Would you print out all of the data exactly and keep the pictures out of it?

- _Data for review_
* * *
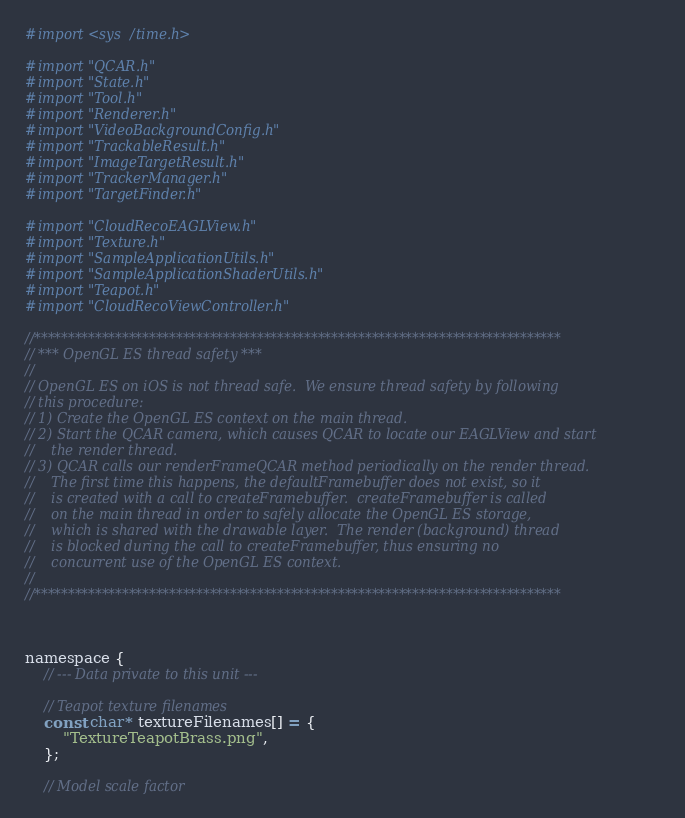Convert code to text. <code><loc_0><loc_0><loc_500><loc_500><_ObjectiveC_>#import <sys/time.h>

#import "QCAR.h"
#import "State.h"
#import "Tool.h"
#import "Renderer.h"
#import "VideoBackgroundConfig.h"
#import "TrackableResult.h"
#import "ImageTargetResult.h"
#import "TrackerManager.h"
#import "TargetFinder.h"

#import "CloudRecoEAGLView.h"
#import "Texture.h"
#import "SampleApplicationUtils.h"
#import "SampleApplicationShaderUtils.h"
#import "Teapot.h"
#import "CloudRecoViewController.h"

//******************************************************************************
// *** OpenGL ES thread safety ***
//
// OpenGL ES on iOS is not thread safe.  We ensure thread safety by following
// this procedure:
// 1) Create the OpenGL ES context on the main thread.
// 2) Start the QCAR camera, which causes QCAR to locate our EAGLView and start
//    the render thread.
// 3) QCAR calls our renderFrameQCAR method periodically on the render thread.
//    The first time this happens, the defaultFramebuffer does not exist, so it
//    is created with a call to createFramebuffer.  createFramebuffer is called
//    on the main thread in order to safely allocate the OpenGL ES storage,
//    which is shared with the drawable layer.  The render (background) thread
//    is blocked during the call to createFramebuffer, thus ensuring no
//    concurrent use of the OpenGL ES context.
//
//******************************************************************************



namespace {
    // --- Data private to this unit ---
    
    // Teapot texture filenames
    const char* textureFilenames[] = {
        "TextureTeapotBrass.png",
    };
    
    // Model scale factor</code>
* * *
- _Completed task_
Convert code to text. <code><loc_0><loc_0><loc_500><loc_500><_ObjectiveC_>#import <sys/time.h>

#import "QCAR.h"
#import "State.h"
#import "Tool.h"
#import "Renderer.h"
#import "VideoBackgroundConfig.h"
#import "TrackableResult.h"
#import "ImageTargetResult.h"
#import "TrackerManager.h"
#import "TargetFinder.h"

#import "CloudRecoEAGLView.h"
#import "Texture.h"
#import "SampleApplicationUtils.h"
#import "SampleApplicationShaderUtils.h"
#import "Teapot.h"
#import "CloudRecoViewController.h"

//******************************************************************************
// *** OpenGL ES thread safety ***
//
// OpenGL ES on iOS is not thread safe.  We ensure thread safety by following
// this procedure:
// 1) Create the OpenGL ES context on the main thread.
// 2) Start the QCAR camera, which causes QCAR to locate our EAGLView and start
//    the render thread.
// 3) QCAR calls our renderFrameQCAR method periodically on the render thread.
//    The first time this happens, the defaultFramebuffer does not exist, so it
//    is created with a call to createFramebuffer.  createFramebuffer is called
//    on the main thread in order to safely allocate the OpenGL ES storage,
//    which is shared with the drawable layer.  The render (background) thread
//    is blocked during the call to createFramebuffer, thus ensuring no
//    concurrent use of the OpenGL ES context.
//
//******************************************************************************



namespace {
    // --- Data private to this unit ---
    
    // Teapot texture filenames
    const char* textureFilenames[] = {
        "TextureTeapotBrass.png",
    };
    
    // Model scale factor</code>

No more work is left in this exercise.